Mas isto supõe também que a aceitação do fim esteja unida à aceitação dos meios, caso
contrário, a obediência à própria vocação não deve ser levada a sério. Uma vaga aspiração
empurra as multidões para horizontes que mais admiram de longe, como a gota admira, da
planície, as neves eternas que cobrem os cumes das montanhas. Que belas colheitas poderiam
ser feitas nos primeiros anos de liberdade após os estudos, quando a grama intelectual ainda
estava revirada com as sementes confiadas ao solo! É este tempo que nunca mais voltará, o
tempo que viveremos depois. O que quer que ele tenha sido, assim será o homem, pois não há
como reverter o caminho que ele percorreu.

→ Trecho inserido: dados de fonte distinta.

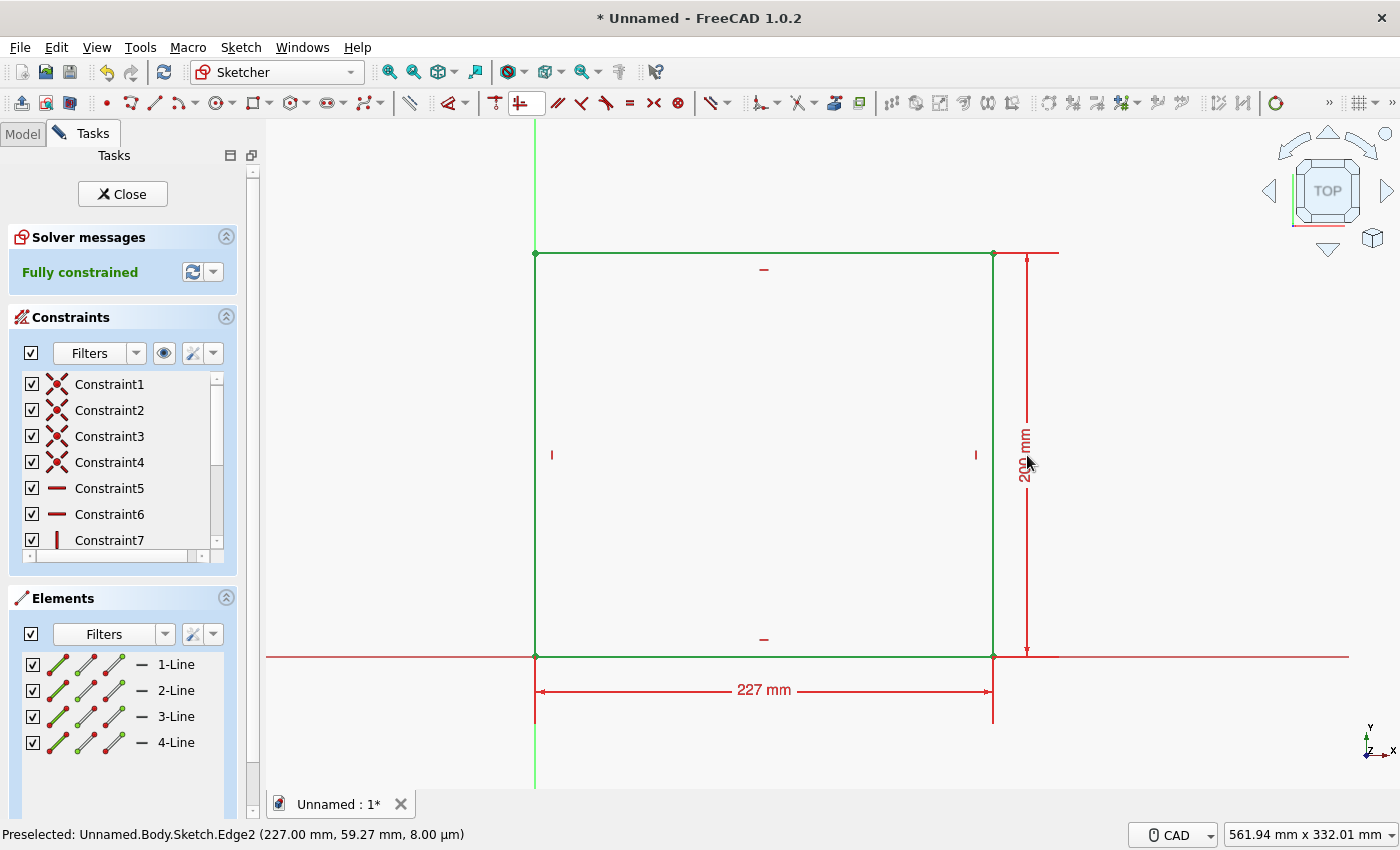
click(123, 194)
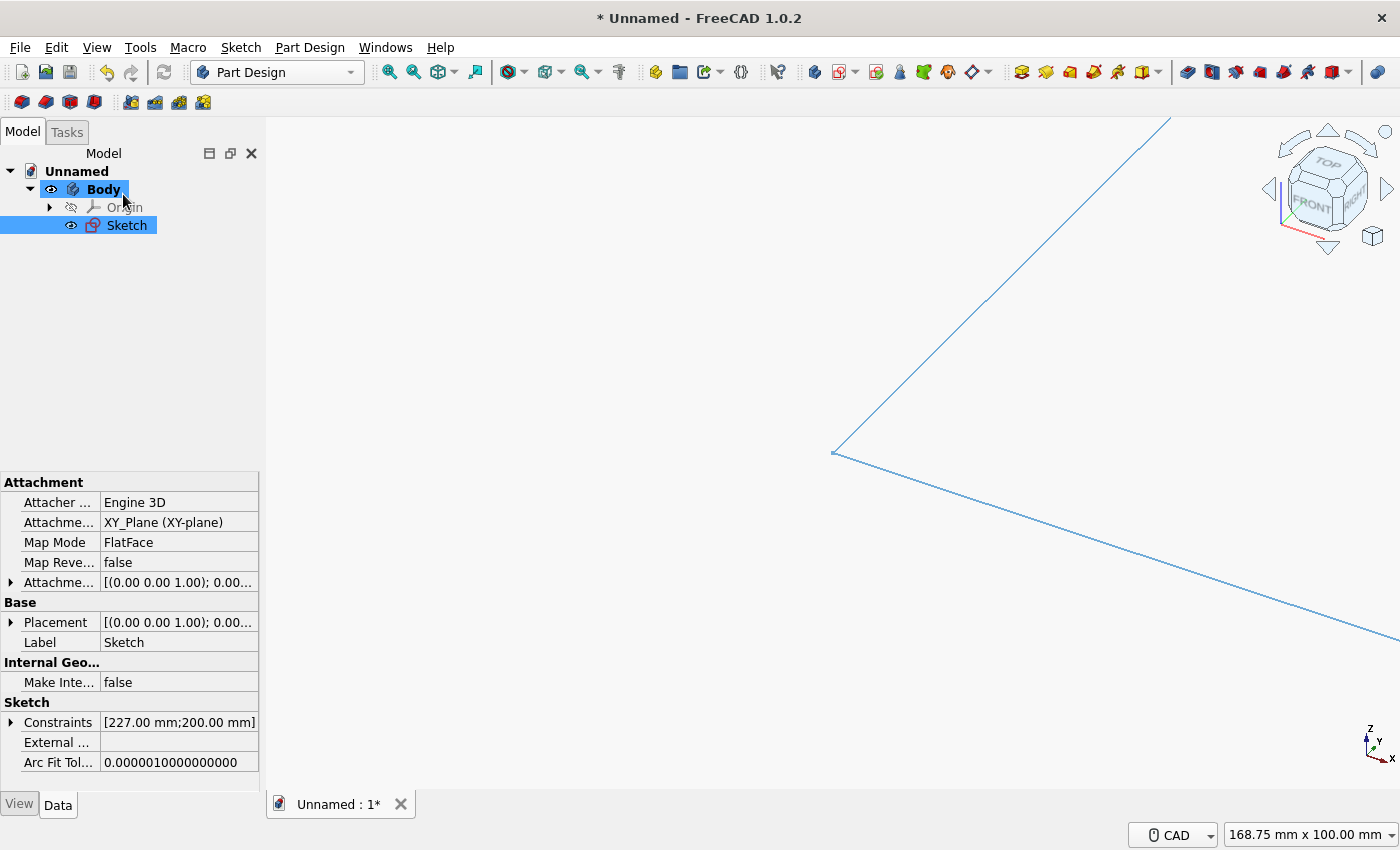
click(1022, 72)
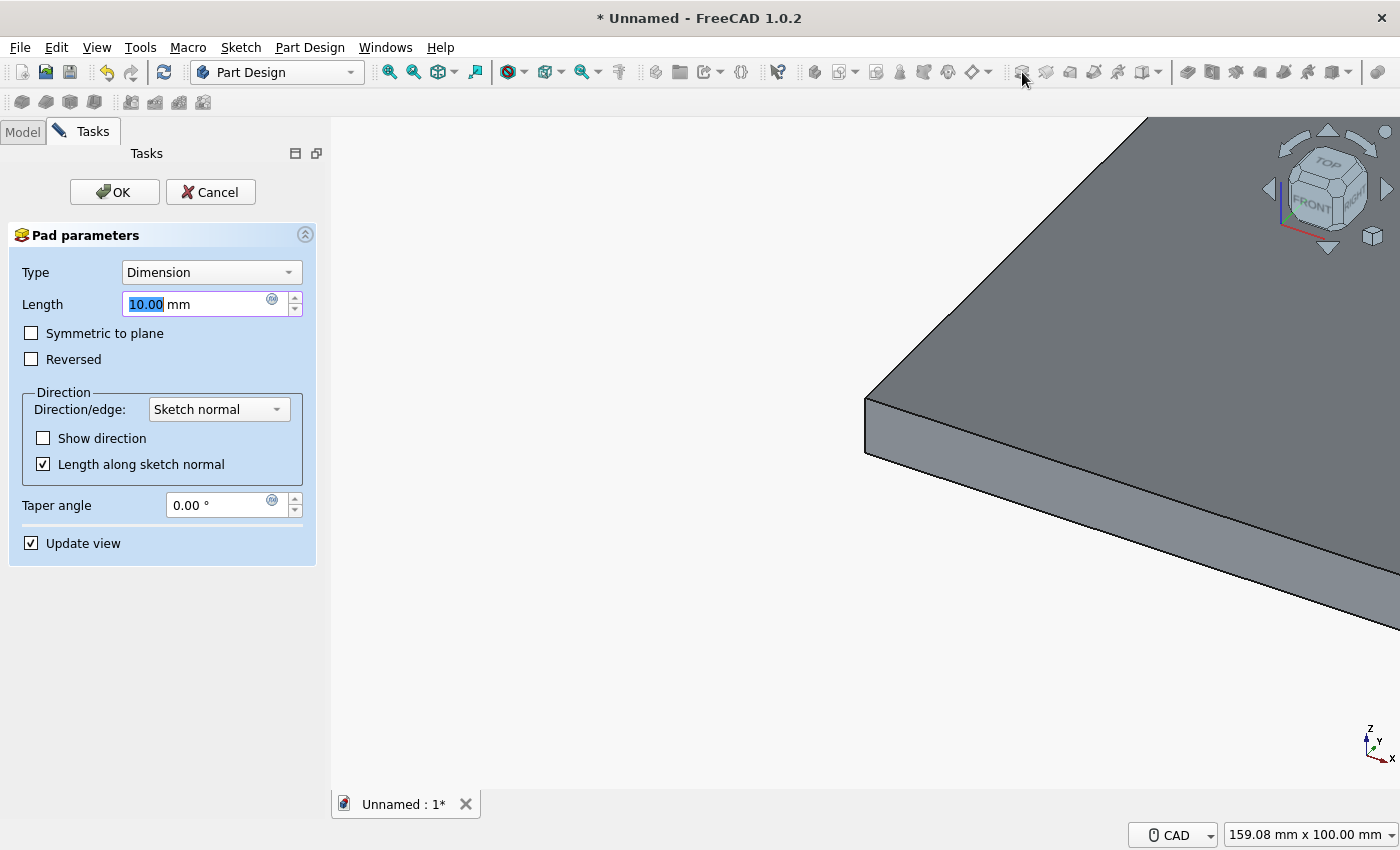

Se vives superficialmente, sofrerás o castigo de ter negligenciado, no teu tempo, o futuro que
vive sempre na esperança. Pense em cada um deles quando a reflexão puder ajudar. Quantos
jovens, que acalentam a pretensão de se tornarem operários, perdem miseravelmente os seus
dias, as suas forças, a sua seiva intelectual! ou não trabalham, quando têm tempo para o fazer,
ou trabalham mal, caprichosamente, sem saber o que são, para onde querem ir, nem como
andar. O ascetismo particular e a virtude heróica do trabalhador intelectual devem ser seu pão
diário.

Se o gênio não é necessário para produzir, muito menos a plena liberdade, até porque esta tem
suas armadilhas, e estar sujeito a obrigações estritas pode contribuir imensamente para superá-
las. O homem, constrangido, concentra-se mais, aprende a valorizar o tempo, refugia-se com
ardor nas raras horas em que, cumprido o seu dever, reencontra o ideal e goza da calma da
ação escolhida, depois da ação imposta pela dura existência. Pobre tartaruga industriosa, não
perde seu tempo em trivialidades, em trapaças, e depois de alguns anos alcança a lebre
indolente cujo andar desimpedido invejava, arrastando-se lentamente. Pense no mesmo do
trabalhador isolado, sem dons intelectuais, nem facilidade de reuniões para estimulá-lo,

Aqui também, a força pode vir da dificuldade. Obrigado a ganhar a vida, você o ganhará sem
sacrificar, como tantas vezes acontece, a liberdade da alma. Na opinião de muitos, as duas
horas que peço são suficientes para traçar um destino intelectual. Queres fazer a tua parte para
perpetuar a sabedoria entre os homens, recolher a herança dos séculos, fornecer ao presente as
regras da mente, descobrir fatos e causas, dirigir os olhos em movimento para as causas
primeiras? dos fins supremos, reacender a chama apagada e organizar a propaganda da
verdade e do bem? É uma parte que sem dúvida vale os sacrifícios extras e o cultivo de uma
paixão absorvente.

O estudo e a prática aquilo que o P. Gratry chama a Lógica viva, isto é, o desenvolvimento do
nosso espírito, ou verbo humano, pelo contato direto ou indireto com o Espírito e o Verbo divino,
este estudo grave e esta prática perseverante franquear-te -ão a entrada no santuário
admirável. II – O intelectual não é um isolado. O trabalhador cristão, em virtude de sua vocação
intelectual de consagrado, não deve se isolar. Seja qual for a sua situação, julguem-no
abandonado ou retirado materialmente, não deve deixar-se tentar pelo individualismo, imagem
deformada da personalidade crista.

Porque vive com Jesus Cristo, não pode separar dele nem os tempos nem os homens. O
verdadeiro cristão terá sem cessar diante dos olhos a imagem do globo onde está plantada a
cruz, onde os pobres seres humanos erram e sofrem, e onde o sangue redentor procura
encontrá-los através de meandros sem conta. Toda a verdade é vida, orientação, caminho em
ordem alcançar o fim humano. Trabalhai, ervilhas, sempre, em espírito de utilização, como
recomenda o Evangelho.

Só as verdades redentoras são Santas e as palavras do Apóstolo – -aplicam-se ao nosso


trabalho como a tudo o mais. Jesus Cristo especificado do nosso espírito, como necessário,
enquanto viveu na terra, do seu próprio espírito humano.